Description
Describe the bug
When providing an iterable for the cv
arguments for GridSearchCV, if the splits have different size (as it can be the case when doing "leave one group out") the "best" score computed at the end is done as a direct average of the score for each fold, without weighting them by the number of samples in the fold.
Consequently, the "best" estimator found is not actually the real best.
For example (as seen in the example below), if there are 3 splits, of 50, 49 and 1 sample, if the split with 1 sample results in a score of 0.0
while every other samples are correctly predicted (score of 1
), then the final score will be 0.666
instead of 0.99
.
Steps/Code to Reproduce
from sklearn.model_selection import GridSearchCV
from sklearn.neighbors import KNeighborsClassifier
import numpy as np
data = np.arange(100)
label = data >= 99
data = data.reshape(-1, 1)
indices_break = [0, 50, 99, 100]
split = [np.arange(indices_break[i], indices_break[i+1])
for i in range(len(indices_break)-1)]
splits = []
for i, test in enumerate(split):
train = split[:i]
train.extend(split[i+1:])
train = np.concatenate(train)
splits.append((train, test))
model = KNeighborsClassifier()
parameters = {'n_neighbors': [1, 2]}
clf = GridSearchCV(model, parameters, cv=splits)
clf.fit(data, label)
len_split = [len(i) for i in split]
res_n_1 = []
res_n_2 = []
for i in range(len(split)):
res_n_1.append(clf.cv_results_[f'split{i}_test_score'][0])
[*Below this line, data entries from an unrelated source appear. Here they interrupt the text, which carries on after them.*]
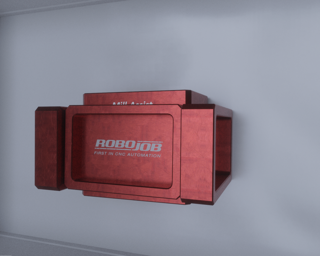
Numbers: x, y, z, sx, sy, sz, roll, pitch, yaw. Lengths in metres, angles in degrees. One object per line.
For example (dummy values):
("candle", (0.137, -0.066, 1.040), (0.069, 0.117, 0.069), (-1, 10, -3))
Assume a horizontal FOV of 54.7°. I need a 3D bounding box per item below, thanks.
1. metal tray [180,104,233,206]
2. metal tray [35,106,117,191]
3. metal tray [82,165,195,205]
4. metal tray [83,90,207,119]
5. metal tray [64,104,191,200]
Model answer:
("metal tray", (0.054, 0.022, 0.333), (0.030, 0.130, 0.089), (1, 91, 20))
("metal tray", (-0.098, 0.021, 0.388), (0.030, 0.130, 0.089), (1, 91, 20))
("metal tray", (-0.016, 0.064, 0.378), (0.130, 0.090, 0.030), (0, 90, 20))
("metal tray", (-0.015, -0.026, 0.378), (0.130, 0.090, 0.030), (0, 91, 20))
("metal tray", (-0.035, 0.021, 0.323), (0.130, 0.030, 0.089), (1, 90, 19))

res_n_2.append(clf.cv_results_[f'split{i}_test_score'][1])
sum_res_n_1_weighted = sum([res_n_1[i] * len_split[i]
for i in range(len(split))])
sum_res_n_2_weighted = sum([res_n_2[i] * len_split[i]
for i in range(len(split))])
# weighted average of the split score
print(clf.cv_results_['mean_test_score'][0] == sum_res_n_1_weighted/100)
print(clf.cv_results_['mean_test_score'][1] == sum_res_n_2_weighted/100)
# direct average of the splits score
print(clf.cv_results_['mean_test_score'][0] == np.average(res_n_1))
print(clf.cv_results_['mean_test_score'][1] == np.average(res_n_2))
print('average of the metrics for n_neighbors 1 computed as average of split', np.average(res_n_1))
print('average of the metrics for n_neighbors 1 reported by clf.cv_results_', clf.cv_results_['mean_test_score'][0])
print('average of the metrics for n_neighbors 1 when weighting the lenght of each split with their score', sum_res_n_1_weighted/100)
print('score by split', res_n_1)
print('length of each splits', len_split)
print('average of the metrics for n_neighbors 2 computed as average of split', np.average(res_n_2))
print('average of the metrics for n_neighbors 2 reported by clf.cv_results_', clf.cv_results_['mean_test_score'][1])
print('average of the metrics for n_neighbors 2 when weighting the lenght of each split with their score', sum_res_n_2_weighted/100)
print('score by split', res_n_2)
print('length of each splits', len_split)
Expected Results
The average scores should be equal to the average of the score weighted by the number of samples in the fold. As a result the comparison results should be:
True
True
False
False
average of the metrics for n_neighbors 2 computed as average of split 0.6666666666666666
average of the metrics for n_neighbors 2 reported by clf.cv_results_ 0.99
average of the metrics for n_neighbors 2 when weighting the lenght of each split with their score 0.99
score by split [1.0, 1.0, 0.0]
length of each splits [50, 49, 1]
Actual Results
The averages scores are equal to the average of the score by fold. Consequently a fold of 1 sample has as much impact on the average as a fold with 50 elements. Thus the comparison results are:
False
False
True
True
average of the metrics for n_neighbors 2 computed as average of split 0.6666666666666666
average of the metrics for n_neighbors 2 reported by clf.cv_results_ 0.6666666666666666
average of the metrics for n_neighbors 2 when weighting the lenght of each split with their score 0.99
score by split [1.0, 1.0, 0.0]
length of each splits [50, 49, 1]
Versions
System
python: 3.12.2 | packaged by conda-forge | (main, Feb 16 2024, 20:50:58) [GCC 12.3.0]
Python dependencies:
sklearn: 1.4.1.post1
pip: 24.0
setuptools: 69.1.1
numpy: 1.26.4
scipy: 1.12.0
Cython: None
pandas: None
matplotlib: None
joblib: 1.3.2
threadpoolctl: 3.3.0
Built with OpenMP: True